Data excerpts:
- Opening Delimiter -
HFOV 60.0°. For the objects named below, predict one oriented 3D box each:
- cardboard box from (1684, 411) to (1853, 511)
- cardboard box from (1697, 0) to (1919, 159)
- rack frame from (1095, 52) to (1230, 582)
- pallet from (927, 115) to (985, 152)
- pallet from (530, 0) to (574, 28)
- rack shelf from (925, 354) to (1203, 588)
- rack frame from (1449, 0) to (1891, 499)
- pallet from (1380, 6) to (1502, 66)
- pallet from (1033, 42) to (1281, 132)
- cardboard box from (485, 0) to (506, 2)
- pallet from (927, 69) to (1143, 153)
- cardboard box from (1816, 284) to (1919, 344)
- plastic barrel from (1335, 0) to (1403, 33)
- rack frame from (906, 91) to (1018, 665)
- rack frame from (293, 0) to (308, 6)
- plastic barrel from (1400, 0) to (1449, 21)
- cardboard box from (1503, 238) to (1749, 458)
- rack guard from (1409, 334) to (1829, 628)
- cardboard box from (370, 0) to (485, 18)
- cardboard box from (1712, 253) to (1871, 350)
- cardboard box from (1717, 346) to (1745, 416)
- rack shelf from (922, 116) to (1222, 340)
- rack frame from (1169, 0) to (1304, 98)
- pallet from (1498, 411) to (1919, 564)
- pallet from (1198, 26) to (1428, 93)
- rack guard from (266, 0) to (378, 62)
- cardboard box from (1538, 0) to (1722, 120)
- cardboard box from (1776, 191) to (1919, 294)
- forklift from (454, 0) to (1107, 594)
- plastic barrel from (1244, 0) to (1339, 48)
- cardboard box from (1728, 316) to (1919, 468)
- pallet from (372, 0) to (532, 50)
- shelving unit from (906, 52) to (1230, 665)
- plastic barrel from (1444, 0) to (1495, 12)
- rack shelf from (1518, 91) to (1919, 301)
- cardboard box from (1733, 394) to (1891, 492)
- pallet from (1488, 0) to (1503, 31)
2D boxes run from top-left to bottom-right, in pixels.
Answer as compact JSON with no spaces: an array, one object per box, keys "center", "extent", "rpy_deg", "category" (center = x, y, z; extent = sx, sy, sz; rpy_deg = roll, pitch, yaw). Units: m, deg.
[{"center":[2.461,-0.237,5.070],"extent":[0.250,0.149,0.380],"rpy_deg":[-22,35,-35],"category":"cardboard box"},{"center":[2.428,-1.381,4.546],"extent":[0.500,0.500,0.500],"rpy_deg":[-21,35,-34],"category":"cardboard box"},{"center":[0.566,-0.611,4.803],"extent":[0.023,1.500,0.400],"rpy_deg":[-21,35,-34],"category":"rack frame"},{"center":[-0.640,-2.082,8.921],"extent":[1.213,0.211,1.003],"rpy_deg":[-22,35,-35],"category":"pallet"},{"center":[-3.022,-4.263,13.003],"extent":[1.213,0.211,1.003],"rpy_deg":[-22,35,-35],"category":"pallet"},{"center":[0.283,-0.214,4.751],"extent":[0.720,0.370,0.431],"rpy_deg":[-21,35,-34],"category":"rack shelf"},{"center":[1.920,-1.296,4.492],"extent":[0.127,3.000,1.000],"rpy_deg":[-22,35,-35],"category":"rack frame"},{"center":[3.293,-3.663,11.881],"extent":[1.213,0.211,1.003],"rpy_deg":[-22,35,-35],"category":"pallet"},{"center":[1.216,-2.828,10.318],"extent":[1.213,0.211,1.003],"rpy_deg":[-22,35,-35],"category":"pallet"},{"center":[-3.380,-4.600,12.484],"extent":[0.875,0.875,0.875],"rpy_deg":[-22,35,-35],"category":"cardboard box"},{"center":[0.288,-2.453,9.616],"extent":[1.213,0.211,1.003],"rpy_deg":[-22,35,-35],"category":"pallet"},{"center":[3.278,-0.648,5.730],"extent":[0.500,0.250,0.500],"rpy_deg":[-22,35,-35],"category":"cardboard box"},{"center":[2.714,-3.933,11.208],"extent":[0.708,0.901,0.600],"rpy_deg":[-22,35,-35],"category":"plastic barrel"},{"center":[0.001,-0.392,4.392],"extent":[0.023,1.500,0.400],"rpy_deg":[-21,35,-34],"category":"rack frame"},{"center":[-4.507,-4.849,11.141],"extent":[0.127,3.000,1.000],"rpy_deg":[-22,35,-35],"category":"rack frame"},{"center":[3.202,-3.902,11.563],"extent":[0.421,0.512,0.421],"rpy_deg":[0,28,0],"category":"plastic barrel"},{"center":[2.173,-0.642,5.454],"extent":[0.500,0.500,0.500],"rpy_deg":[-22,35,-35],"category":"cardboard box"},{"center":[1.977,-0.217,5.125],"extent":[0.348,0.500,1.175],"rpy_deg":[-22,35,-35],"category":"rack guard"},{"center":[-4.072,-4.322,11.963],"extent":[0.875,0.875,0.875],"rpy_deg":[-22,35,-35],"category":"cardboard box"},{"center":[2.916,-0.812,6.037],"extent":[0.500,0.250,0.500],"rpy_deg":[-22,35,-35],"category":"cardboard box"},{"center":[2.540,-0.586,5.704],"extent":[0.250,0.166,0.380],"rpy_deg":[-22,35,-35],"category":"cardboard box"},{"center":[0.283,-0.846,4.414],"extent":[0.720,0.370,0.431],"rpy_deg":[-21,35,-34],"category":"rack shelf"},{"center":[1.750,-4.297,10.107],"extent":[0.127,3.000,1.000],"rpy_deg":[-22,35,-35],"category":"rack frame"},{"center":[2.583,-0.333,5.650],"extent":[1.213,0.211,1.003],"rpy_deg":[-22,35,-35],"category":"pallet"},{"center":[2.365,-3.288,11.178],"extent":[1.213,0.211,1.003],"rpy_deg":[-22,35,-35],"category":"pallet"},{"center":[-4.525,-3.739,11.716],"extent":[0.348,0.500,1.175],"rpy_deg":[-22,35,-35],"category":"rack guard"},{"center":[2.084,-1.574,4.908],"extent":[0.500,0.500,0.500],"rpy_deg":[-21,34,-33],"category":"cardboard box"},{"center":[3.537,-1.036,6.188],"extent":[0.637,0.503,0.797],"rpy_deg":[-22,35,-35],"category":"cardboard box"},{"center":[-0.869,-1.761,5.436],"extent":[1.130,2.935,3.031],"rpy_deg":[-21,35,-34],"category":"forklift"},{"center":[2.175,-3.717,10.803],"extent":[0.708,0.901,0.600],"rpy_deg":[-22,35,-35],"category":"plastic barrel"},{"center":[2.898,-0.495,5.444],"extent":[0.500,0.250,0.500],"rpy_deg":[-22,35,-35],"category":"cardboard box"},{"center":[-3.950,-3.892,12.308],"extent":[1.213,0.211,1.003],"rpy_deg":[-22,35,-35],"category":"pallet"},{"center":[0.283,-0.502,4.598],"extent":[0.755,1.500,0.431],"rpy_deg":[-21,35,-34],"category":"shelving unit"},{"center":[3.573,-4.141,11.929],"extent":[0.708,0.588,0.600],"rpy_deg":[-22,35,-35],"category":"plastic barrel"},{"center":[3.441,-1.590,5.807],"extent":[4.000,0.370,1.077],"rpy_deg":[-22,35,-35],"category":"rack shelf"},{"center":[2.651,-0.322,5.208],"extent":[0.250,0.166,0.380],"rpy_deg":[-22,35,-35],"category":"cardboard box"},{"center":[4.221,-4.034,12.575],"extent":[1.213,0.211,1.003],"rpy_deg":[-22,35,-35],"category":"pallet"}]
- Closing Delimiter -
● Activity:
Using the records above, repeat exactly the lines from the first one through the line with "- cardboard box from (1712, 253)".

● The answer:
HFOV 60.0°. For the objects named below, predict one oriented 3D box each:
- cardboard box from (1684, 411) to (1853, 511)
- cardboard box from (1697, 0) to (1919, 159)
- rack frame from (1095, 52) to (1230, 582)
- pallet from (927, 115) to (985, 152)
- pallet from (530, 0) to (574, 28)
- rack shelf from (925, 354) to (1203, 588)
- rack frame from (1449, 0) to (1891, 499)
- pallet from (1380, 6) to (1502, 66)
- pallet from (1033, 42) to (1281, 132)
- cardboard box from (485, 0) to (506, 2)
- pallet from (927, 69) to (1143, 153)
- cardboard box from (1816, 284) to (1919, 344)
- plastic barrel from (1335, 0) to (1403, 33)
- rack frame from (906, 91) to (1018, 665)
- rack frame from (293, 0) to (308, 6)
- plastic barrel from (1400, 0) to (1449, 21)
- cardboard box from (1503, 238) to (1749, 458)
- rack guard from (1409, 334) to (1829, 628)
- cardboard box from (370, 0) to (485, 18)
- cardboard box from (1712, 253) to (1871, 350)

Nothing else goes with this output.